Resources

Ava Hoffman - Ten Simple Rules for Teaching an Introduction to R

Many of us feel unprepared to teach R, either because of a lack of guidance or time to prepare. We’ve distilled our award-winning teaching experience into our top 10 takeaways so you can get up and running teaching R quickly. This includes advice for setting yourself up for success, keeping it practical, and knowing your learners. To see our tips in more detail, check out our paper: https://doi.org/10.1371/journal.pcbi.1012018 Talk by Ava Hoffman Slides: https://docs.google.com/presentation/d/1TjilsiAIltuZINSuMvhVhiNIfgguMXMRRIPA_fkKDGI/edit?usp=sharing GitHub Repo: https://github.com/jhudsl/Intro_to_r

Oct 31, 2024
4 min

image: thumbnail.jpg

Transcript#

This transcript was generated automatically and may contain errors.

Hi, I'm Ava Hoffman. I'm here today to tell you about Ten Simple Rules for Teaching Intro to R.
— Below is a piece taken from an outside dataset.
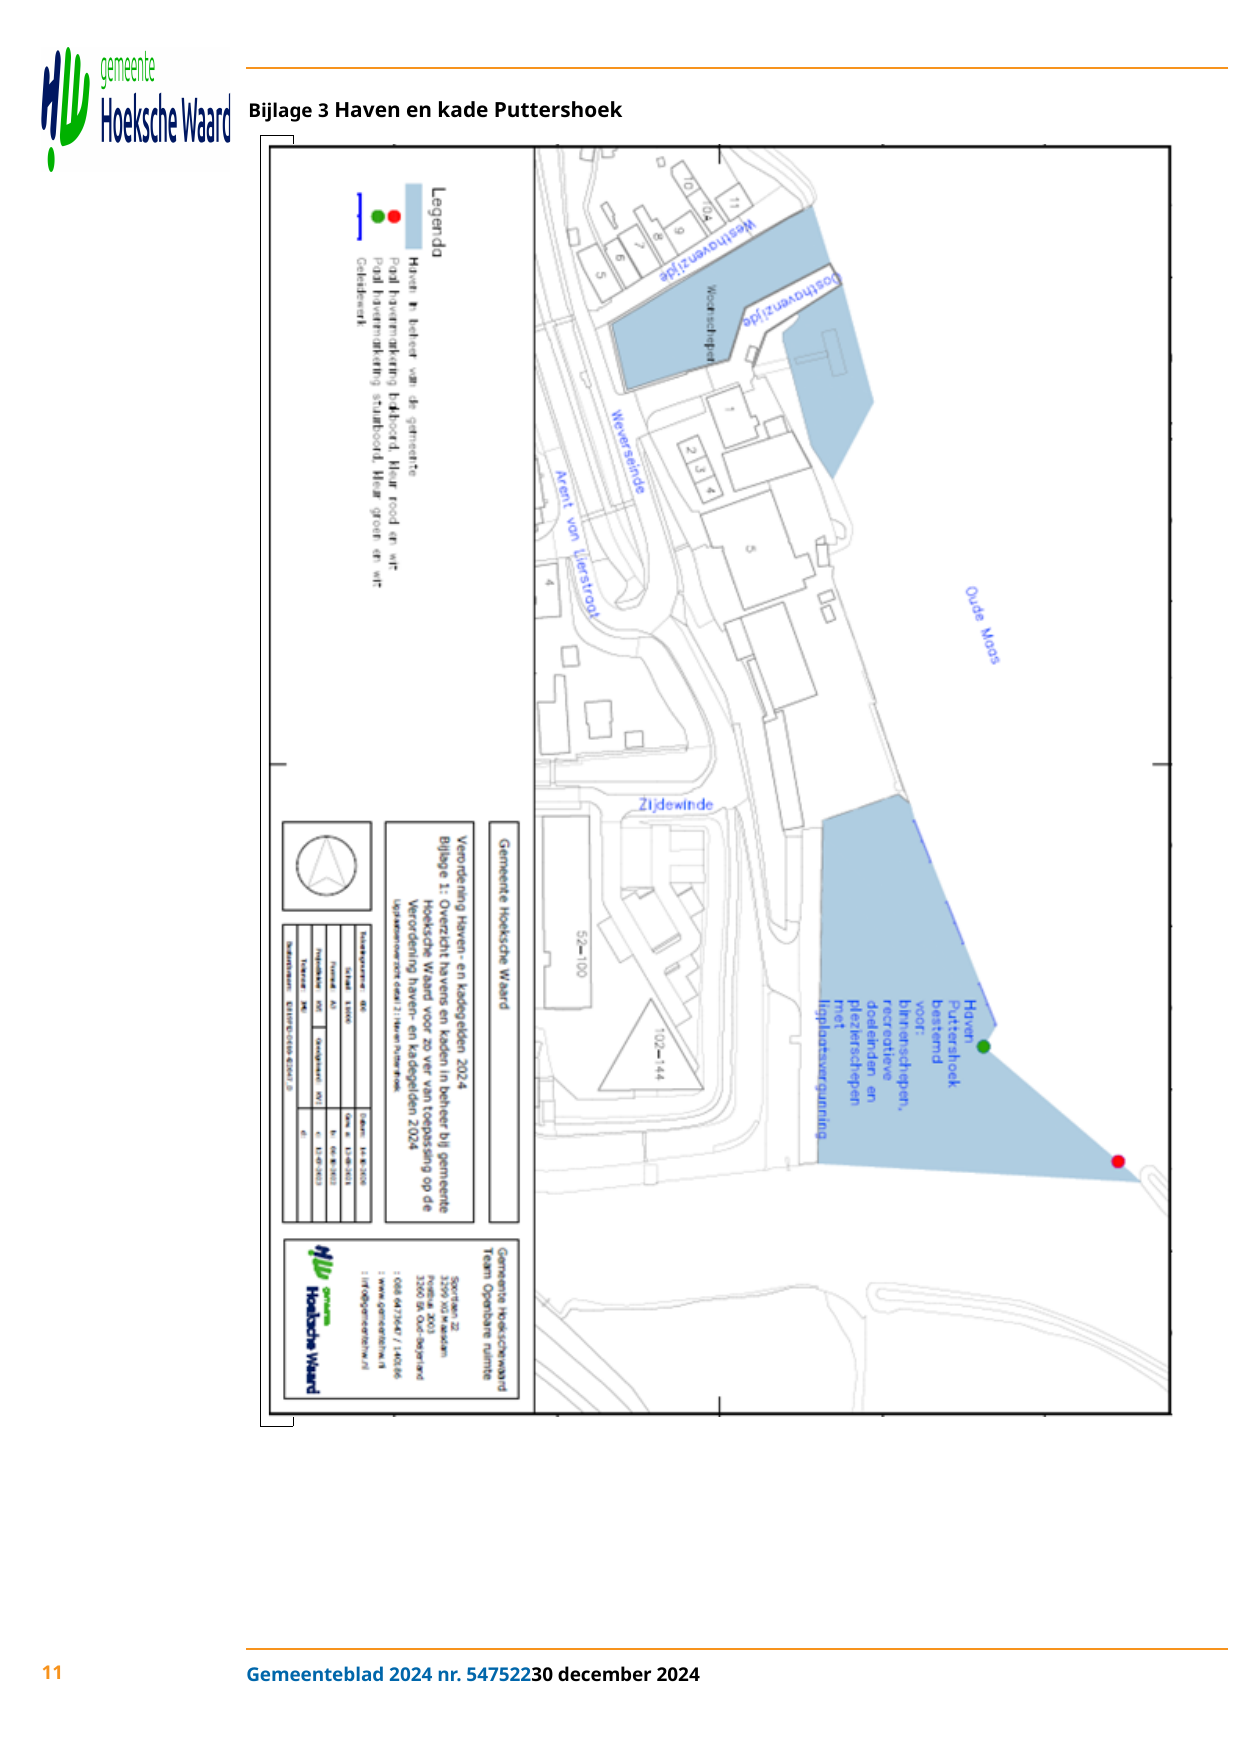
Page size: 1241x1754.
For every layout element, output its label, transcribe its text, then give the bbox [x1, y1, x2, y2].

picture [268, 144, 1173, 1417]
text Bijlage 3 Haven en kade Puttershoek [248, 95, 1152, 123]
picture [41, 47, 231, 172]

There's no shortage of amazing content out there. Some of the creators are maybe here in this room with us right now. But a lot of this material is directed at learners who are really self-motivated and can work through content independently.
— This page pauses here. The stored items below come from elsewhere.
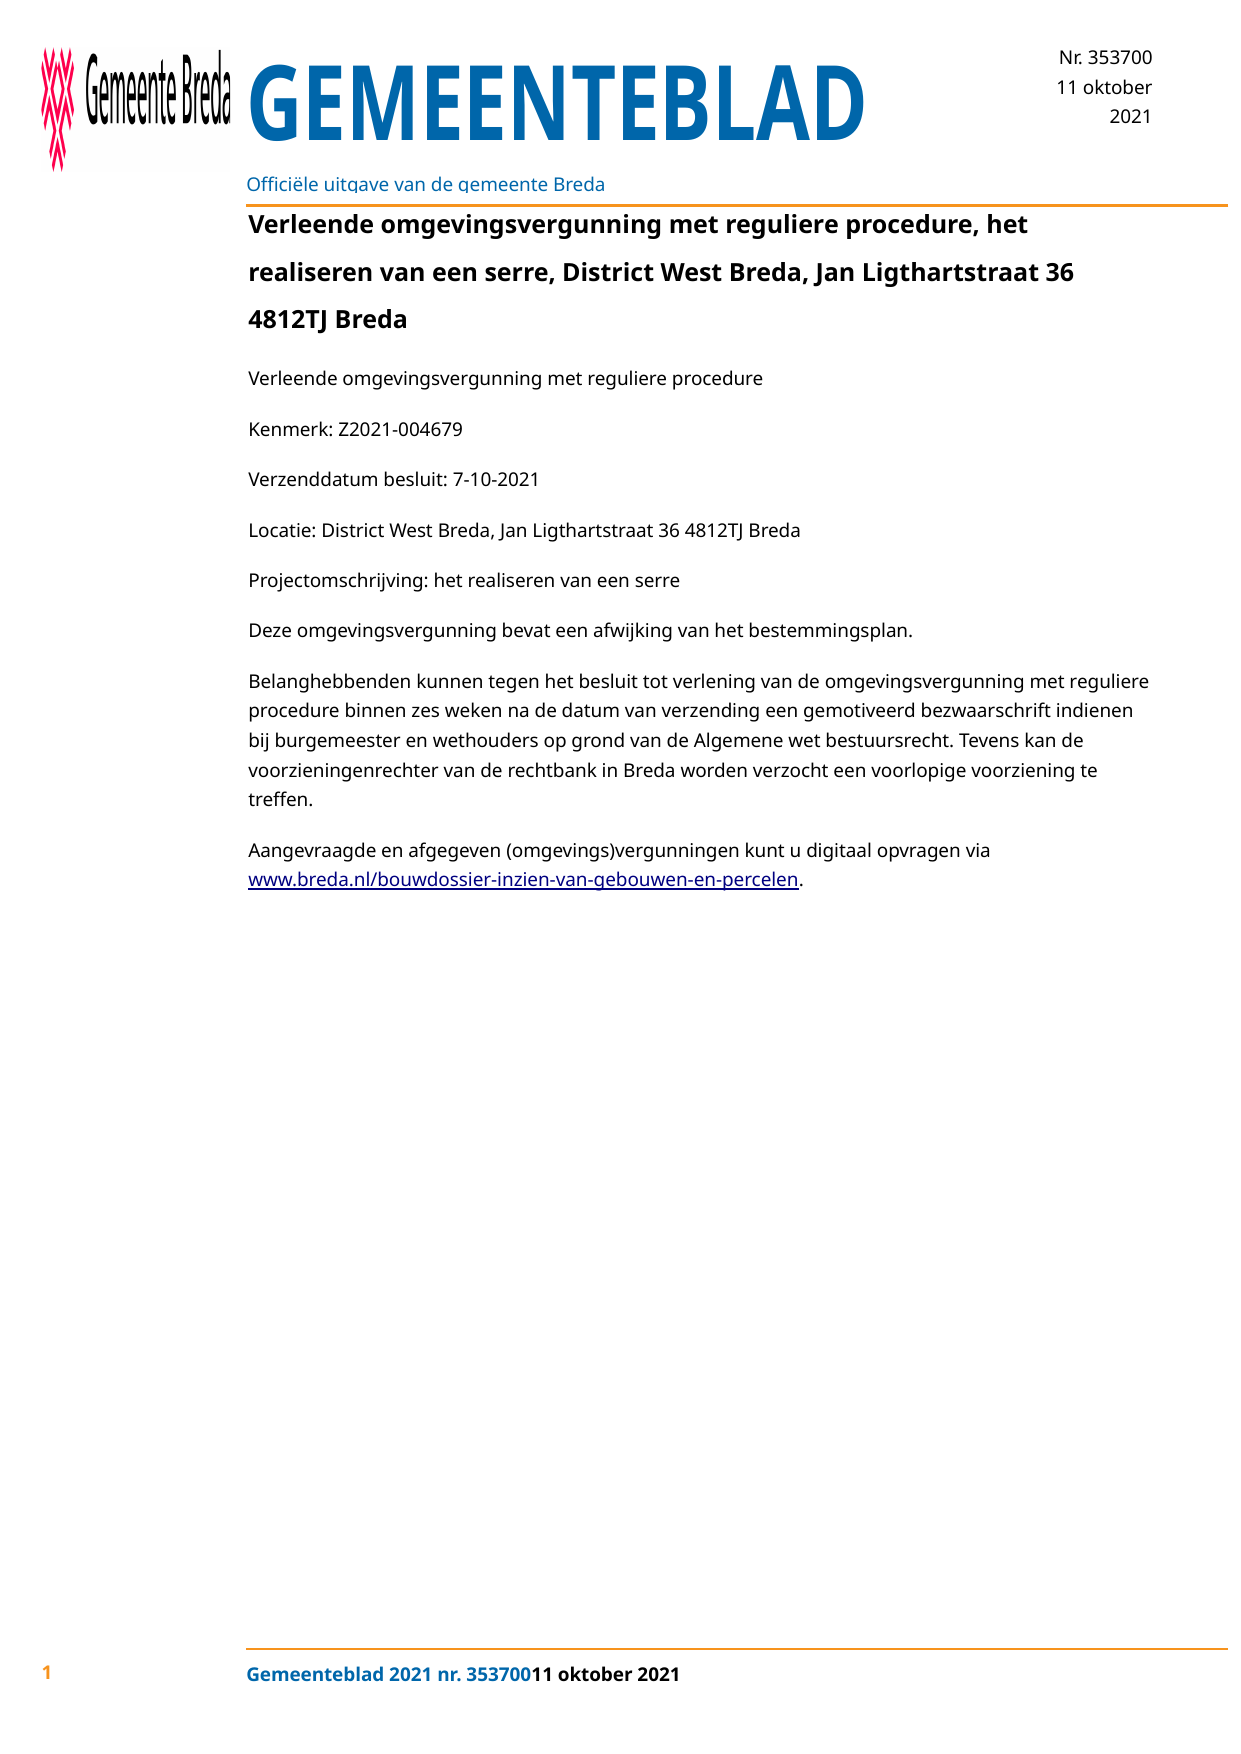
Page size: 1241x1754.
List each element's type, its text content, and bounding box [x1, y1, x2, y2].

text Projectomschrijving: het realiseren van een serre [248, 567, 1152, 593]
text Deze omgevingsvergunning bevat een afwijking van het bestemmingsplan. [248, 618, 1152, 643]
picture [41, 47, 231, 172]
text Verleende omgevingsvergunning met reguliere procedure [248, 366, 1152, 391]
text Verzenddatum besluit: 7-10-2021 [248, 466, 1152, 492]
text Locatie: District West Breda, Jan Ligthartstraat 36 4812TJ Breda [248, 517, 1152, 542]
text Aangevraagde en afgegeven (omgevings)vergunningen kunt u digitaal opvragen via www.breda.nl/bouwdossier-inzien-van-gebouwen-en-percelen. [248, 837, 1152, 892]
text Verleende omgevingsvergunning met reguliere procedure, het realiseren van een serre, District West Breda, Jan Ligthartstraat 36 4812TJ Breda [248, 207, 1152, 336]
text Belanghebbenden kunnen tegen het besluit tot verlening van de omgevingsvergunning met reguliere procedure binnen zes weken na de datum van verzending een gemotiveerd bezwaarschrift indienen bij burgemeester en wethouders op grond van de Algemene wet bestuursrecht. Tevens kan de voorzieningenrechter van de rechtbank in Breda worden verzocht een voorlopige voorziening te treffen. [248, 668, 1152, 812]
text Kenmerk: Z2021-004679 [248, 416, 1152, 442]

We know there's value in synchronous education, whether that's in a classroom or on an online platform like Zoom. Some people just need a little bit more hands-on help when it comes to learning R programming.

But then the question becomes, who's going to teach it? And that might end up being you, whether that's in a traditional classroom or maybe you're doing a workshop for your colleagues. But a lot of people feel unprepared to do this.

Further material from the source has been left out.